Spinnaker specialises in shipping, offshore and transport recruitment across the commercial, technical, legal and insurance disciplines. The newsletter is accessible and chatty, and includes a selection of current vacancies, including one seeking a "master mariner for City law firm."
It seems that it is becoming fashionable for law firms to seek out ex-masters to work in their wet departments, which must be good news for both shipping and the law. Spinnaker says it is reminded of one navigating officer, now happily earning a living as a marine surveyor, who swallowed the anchor more than thirty years ago. On his first day on board ship in the merchant navy, in the US Gulf, he asked the cook what was for dinner that night. "Grits," replied the cook. "Grits? What's grits?" he asked. "Grits?" said the outraged cook. "Grits is grits".
In oar
HUGE congratulations to Stephen Drury, partner at London-based Holman Fenwick & Willan, who has fulfilled a long held ambition to row the length of the non-tidal River Thames. Raising £2,500 for the charity, Cherry Trees, Drury started his voyage in Lechdale, Gloucestershire, and negotiated 41 locks before completing the 125-mile journey in London. His only companion, and means of transportation, was his 1893 built single skiff with foldable outriggers. Cherry Trees is a UK centre which provides respite care for disabled children, giving their parents a break from their day-to-day care.
Sheikh Tariq Abdullah
JUST as there is no such thing as bad breath, there is no such thing as a good debt. But bad debts are bad news. We have comparatively few of them here at the Maritime Advocate, which says a lot about you, our readers. But Sheikh Tariq Abdullah, from the Republic of Yemen, is an exception.
We have been politely and repeatedly asking Tariq Abdullah to pay for two advertisements which he contracted for and authorised to appear in this magazine. One invoice is over a year old, the other about ten months. Tariq Abdullah has repeatedly ignored our requests for payment.

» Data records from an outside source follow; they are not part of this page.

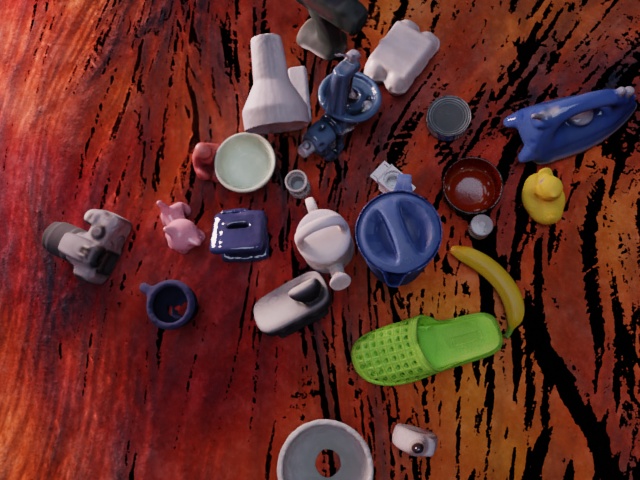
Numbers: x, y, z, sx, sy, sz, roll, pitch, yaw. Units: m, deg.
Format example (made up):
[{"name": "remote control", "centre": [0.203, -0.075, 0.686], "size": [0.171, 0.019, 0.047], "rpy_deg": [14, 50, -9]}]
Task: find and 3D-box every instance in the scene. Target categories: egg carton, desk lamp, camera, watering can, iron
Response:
[{"name": "egg carton", "centre": [0.163, -0.368, 1.152], "size": [0.107, 0.069, 0.150], "rpy_deg": [35, 84, 12]}, {"name": "desk lamp", "centre": [-0.082, -0.276, 1.084], "size": [0.118, 0.213, 0.203], "rpy_deg": [-7, 77, 5]}, {"name": "camera", "centre": [-0.468, -0.002, 1.124], "size": [0.136, 0.101, 0.143], "rpy_deg": [22, 81, 10]}, {"name": "watering can", "centre": [0.011, 0.003, 1.026], "size": [0.101, 0.194, 0.172], "rpy_deg": [-43, 77, -4]}, {"name": "iron", "centre": [0.483, -0.236, 1.054], "size": [0.258, 0.141, 0.118], "rpy_deg": [-19, 77, 2]}]

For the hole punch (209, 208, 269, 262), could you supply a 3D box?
[{"name": "hole punch", "centre": [-0.155, -0.013, 1.099], "size": [0.108, 0.091, 0.101], "rpy_deg": [-5, 78, 5]}]

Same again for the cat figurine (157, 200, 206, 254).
[{"name": "cat figurine", "centre": [-0.273, -0.024, 1.100], "size": [0.067, 0.118, 0.127], "rpy_deg": [-35, 77, -2]}]

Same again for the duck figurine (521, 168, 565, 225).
[{"name": "duck figurine", "centre": [0.420, -0.084, 1.057], "size": [0.077, 0.086, 0.104], "rpy_deg": [-9, 77, 4]}]

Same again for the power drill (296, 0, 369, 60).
[{"name": "power drill", "centre": [-0.011, -0.449, 1.115], "size": [0.229, 0.208, 0.076], "rpy_deg": [31, 83, 11]}]

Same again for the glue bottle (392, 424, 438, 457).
[{"name": "glue bottle", "centre": [0.160, 0.338, 0.951], "size": [0.078, 0.173, 0.037], "rpy_deg": [10, 79, 8]}]

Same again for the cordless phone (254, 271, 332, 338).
[{"name": "cordless phone", "centre": [-0.056, 0.109, 1.015], "size": [0.147, 0.185, 0.094], "rpy_deg": [-32, 77, -1]}]

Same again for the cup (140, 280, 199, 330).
[{"name": "cup", "centre": [-0.279, 0.120, 1.082], "size": [0.117, 0.095, 0.092], "rpy_deg": [28, 83, 11]}]

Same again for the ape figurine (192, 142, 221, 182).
[{"name": "ape figurine", "centre": [-0.224, -0.164, 1.137], "size": [0.078, 0.092, 0.076], "rpy_deg": [-41, 77, -3]}]

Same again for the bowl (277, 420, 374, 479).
[{"name": "bowl", "centre": [0.012, 0.398, 1.005], "size": [0.167, 0.075, 0.167], "rpy_deg": [-1, 78, 6]}]

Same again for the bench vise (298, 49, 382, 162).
[{"name": "bench vise", "centre": [0.041, -0.243, 1.061], "size": [0.121, 0.220, 0.207], "rpy_deg": [21, 81, 10]}]
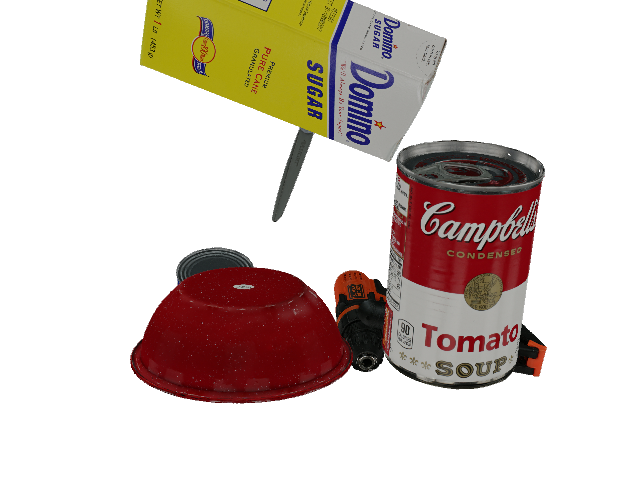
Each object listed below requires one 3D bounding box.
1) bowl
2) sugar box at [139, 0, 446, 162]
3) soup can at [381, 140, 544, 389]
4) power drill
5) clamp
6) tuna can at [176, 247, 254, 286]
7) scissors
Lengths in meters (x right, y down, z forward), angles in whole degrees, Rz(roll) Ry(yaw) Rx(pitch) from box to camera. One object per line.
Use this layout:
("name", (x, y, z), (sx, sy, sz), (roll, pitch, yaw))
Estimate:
("bowl", (-0.056, 0.059, 0.766), (0.162, 0.055, 0.162), (1, 16, 0))
("sugar box", (-0.020, -0.116, 0.662), (0.176, 0.048, 0.093), (23, -29, -1))
("soup can", (0.066, 0.011, 0.509), (0.068, 0.102, 0.068), (3, 22, -1))
("power drill", (0.110, 0.085, 1.204), (0.187, 0.057, 0.184), (-3, 27, -3))
("clamp", (0.133, 0.076, 0.993), (0.172, 0.039, 0.120), (21, 32, 23))
("tuna can", (-0.116, 0.046, 1.181), (0.086, 0.034, 0.086), (2, 36, -1))
("scissors", (0.010, -0.114, 0.976), (0.096, 0.202, 0.016), (4, -4, 13))
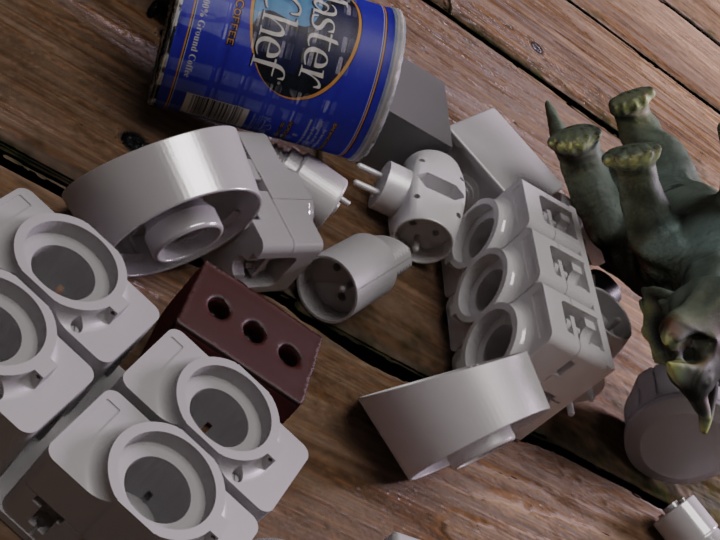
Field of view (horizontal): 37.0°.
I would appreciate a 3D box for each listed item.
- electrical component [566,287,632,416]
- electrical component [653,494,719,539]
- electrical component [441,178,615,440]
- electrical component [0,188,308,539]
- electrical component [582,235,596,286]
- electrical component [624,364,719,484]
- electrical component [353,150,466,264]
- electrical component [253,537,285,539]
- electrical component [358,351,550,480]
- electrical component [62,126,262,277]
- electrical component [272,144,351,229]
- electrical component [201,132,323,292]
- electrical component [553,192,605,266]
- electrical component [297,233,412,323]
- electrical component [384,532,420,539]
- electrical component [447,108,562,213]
[{"bbox_3d":[0.146,0.063,0.734,0.044,0.077,0.079,27,39,-24],"label":"electrical component"},{"bbox_3d":[0.231,0.186,0.728,0.044,0.044,0.065,-11,58,-50],"label":"electrical component"},{"bbox_3d":[0.104,0.022,0.723,0.062,0.089,0.150,26,39,-25],"label":"electrical component"},{"bbox_3d":[-0.122,0.058,0.479,0.186,0.060,0.105,43,34,-2],"label":"electrical component"},{"bbox_3d":[0.152,-0.002,0.826,0.066,0.048,0.055,-19,86,-45],"label":"electrical component"},{"bbox_3d":[0.229,0.110,0.772,0.080,0.080,0.051,35,30,-14],"label":"electrical component"},{"bbox_3d":[0.032,-0.053,0.767,0.079,0.043,0.077,24,43,-13],"label":"electrical component"},{"bbox_3d":[-0.040,0.154,0.471,0.055,0.055,0.047,40,39,-7],"label":"electrical component"},{"bbox_3d":[0.056,0.077,0.614,0.099,0.099,0.064,-9,67,-50],"label":"electrical component"},{"bbox_3d":[-0.104,-0.040,0.571,0.099,0.099,0.064,-10,68,-50],"label":"electrical component"},{"bbox_3d":[-0.044,-0.059,0.698,0.078,0.040,0.040,34,36,-11],"label":"electrical component"},{"bbox_3d":[-0.066,-0.035,0.641,0.056,0.050,0.089,-2,56,-47],"label":"electrical component"},{"bbox_3d":[0.183,-0.037,0.910,0.065,0.044,0.044,28,38,-15],"label":"electrical component"},{"bbox_3d":[0.000,0.000,0.679,0.043,0.043,0.081,50,35,7],"label":"electrical component"},{"bbox_3d":[0.018,0.174,0.498,0.047,0.065,0.076,25,39,-26],"label":"electrical component"},{"bbox_3d":[0.102,-0.075,0.857,0.099,0.048,0.100,50,35,7],"label":"electrical component"}]
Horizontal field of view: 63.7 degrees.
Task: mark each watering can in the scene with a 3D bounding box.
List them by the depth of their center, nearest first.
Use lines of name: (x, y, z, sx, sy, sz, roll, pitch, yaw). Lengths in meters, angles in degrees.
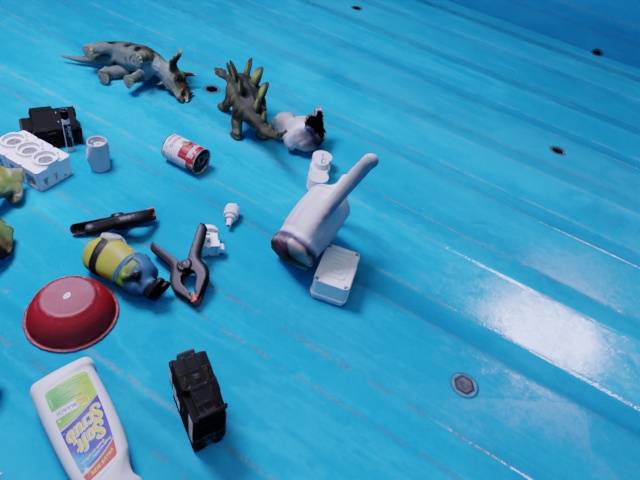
watering can: (0.003, -0.052, 1.043, 0.104, 0.344, 0.227, 37, 73, -4)

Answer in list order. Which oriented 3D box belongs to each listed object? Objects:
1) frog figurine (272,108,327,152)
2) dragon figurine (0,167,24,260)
frog figurine: (-0.068, -0.300, 1.429, 0.159, 0.120, 0.141, -8, 44, 31)
dragon figurine: (-0.662, -0.058, 0.942, 0.121, 0.239, 0.419, -34, 28, 14)

Tariq Abdulla's advertisement claims, "The office offers an international service and has long-standing relationships with leading lawyers in many countries. The lawyers … maintain the British tradition and standard combined with a general western style practice."
We have a long-standing relationship with Tariq Abdullah. Too long. And since when has not paying your bills and ignoring correspondence been general western style practice?